The 2 major problems for AI and HPC hardware faces in the coming years are the memory bottleneck and energy inefficiency. With all-optical computing, both problems are solved at the same time in an elegant way.
Top of the line electronic AI hardware reaches an operation to memory ratio of >200:1 (arithmetic intensity), but modern large language models often require a much lower ratio, even down to 1-5:1 for models like LLaMA. This is hard to crack for electronics, but our optical memory does not have any of these bandwidth limitations, giving out architecture an ideal 1:1 arithmetic intensity.
While performance is important, a much more pressing issue is energy. Electronic components, especially electronic wires, are very power hungry, dissipating unnecessary amounts of energy for something as simple as moving and processing a bit. Top of the line electronic tensor processing units are barely able to reach 1 TOPS-8 per Watt. Optics on the other hand, with its near lossless waveguides and components, doesn't have any problem crossing this domain at 10x-100x the efficiency, enabling new low power AI applications at the edge.
The heart of our optical computer is a chip, a photonic integrated circuit (PIC) to be precise. The beauty of these PICs is, that they can be fabricated in existing semiconductor foundries using mature nodes (90nm, 130nm and 250nm), making them very affordable. There is no technological need for a new 3nm or even Ångström-sized node foundries if you can fabricate at existing partners – and even doing so locally with supply chain security.
PICs use the refractive index difference between two materials, such as silicon nitride (SiN) and silicon oxide (SiO2), to guide the light along a path. These waveguides allow for extremely compact optical devices on a micron level, that would have required large assemblies and fiber optics in the past. Furthermore, materials like SiN allow guiding a broad range of wavelengths from the visible to the infra red near lossless.
Light beams usually don't interact with each other. This is a great feature if you want to multiplex Petabits of data using multiple wavelengths over a single waveguide, but also means that creating all-optical switches (i.e. switching one beam of light on and off with another) is extremely difficult. And we require all-optical switches to do useful optical computing. To enable this, we need a material that can support nonlinear interactions. Luckily, such materials are known and used throughout various fields of optics. But integrating them in a PIC is tricky, as they need to be able to be fabricated at a foundry. For us, so called 2D materials and III-V materials do the trick and we work together with our partner foundries to optimize them even further. They allow us to generate the optical nonlinearities we need to enable light-light interactions.
Linear components in a PIC are fairly well explored. They can range from simple beam splitters to linear math operations, such as matrix vector multiplication. The true challenge comes from mastering nonlinear photonics and devices. These enable us to create all sorts of interesting optical computing components.
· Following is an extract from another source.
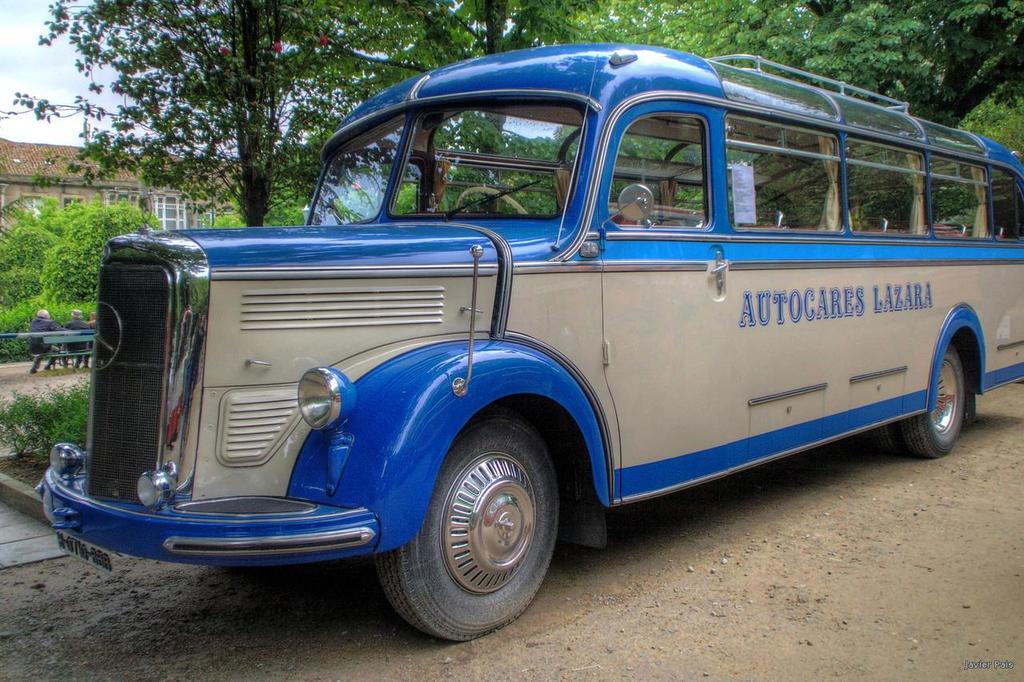What is the main subject of the image? There is a bus on the road in the image. What can be seen in the background of the image? There are trees, buildings, and people sitting on a bench in the background of the image. Can you tell me how many goldfish are swimming in the bus in the image? There are no goldfish present in the image, as it features a bus on the road with a background of trees, buildings, and people sitting on a bench. 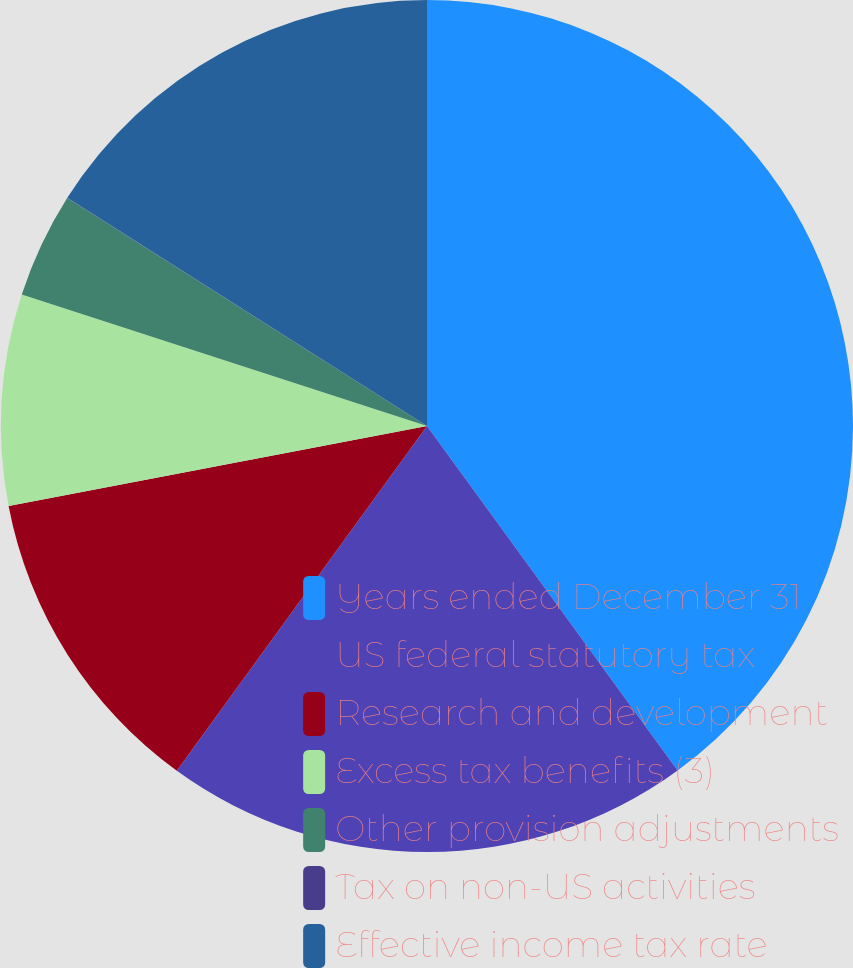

Be it an all-optical switch for digital processing, an analog activation function for deep learning, a feed forward stage for continuous variable measurement-based quantum computing, or all-optical memory cells. These are the key ingredients for any general-purpose optical computer.
Creating a general-purpose processor, no matter if in electronics or photonics, requires a lot of components. Without automation, this is a near impossible task nowadays, thus very large-scale integration (VLSI) was born. But as there are no optical computers yet, there has been no need for photonic VLSI for optical digital logic. So, we had to create it from scratch in house. We call our VLSI tool AtetDesigner and it is fully capable of creating a fully fledged PIC layout for optical computing from a simple layout using our RTL-to-GDSII design flow. With AtetDesigner, we simply define the function of our processor in a common hardware description language (HDL), like Verilog, and it automatically generates us the layout.
Optical computing does not follow the same design tropes as an electronic computing architecture. This has allowed us to innovate and create a unique computer architecture based on functional principles from lambda calculus to power the next generation of software. Using a custom instruction set architecture (ISA), it not only runs AI models optimally, but is fully general-purpose and can even run Doom.
Read our full paper on optical computing architecture here.
Apart from the performance and efficiency, one of the most exciting parts about optical computing is the way it combines principles from 3 different domains in a single platform. Looking at a PIC, you wouldn't know if it is running analog, digital or quantum computing, as they can all be performed in the same materials, using eerily similar components and layouts. That begs the question, why not combine all 3 domains in a single computing platform to leverage the benefits of each? This is our long-term goal of our cross-domain processing unit (XPU), the first processor to combine all these domains in a single platform seamlessly. To make this a reality, we set out to master digital control-flow first.
It is difficult enough to introduce a new computing paradigm. We opted to make our architecture compatible with existing software to enable easy adoption. Of course, to get the most out of optical computing, a few new programming techniques are required – most importantly a more functional programming approach. But you can still program in a language you are familiar with, which we ensure by providing a compiler and emulation layer that works with C++ or any other language that has a frontend for LLVM or can be compiled to SPIR-V. By integrating into existing HPC and AI acceleration environments, we ensure that you will be able to run your future workloads as efficiently and fast as possible, without the need to start from scratch.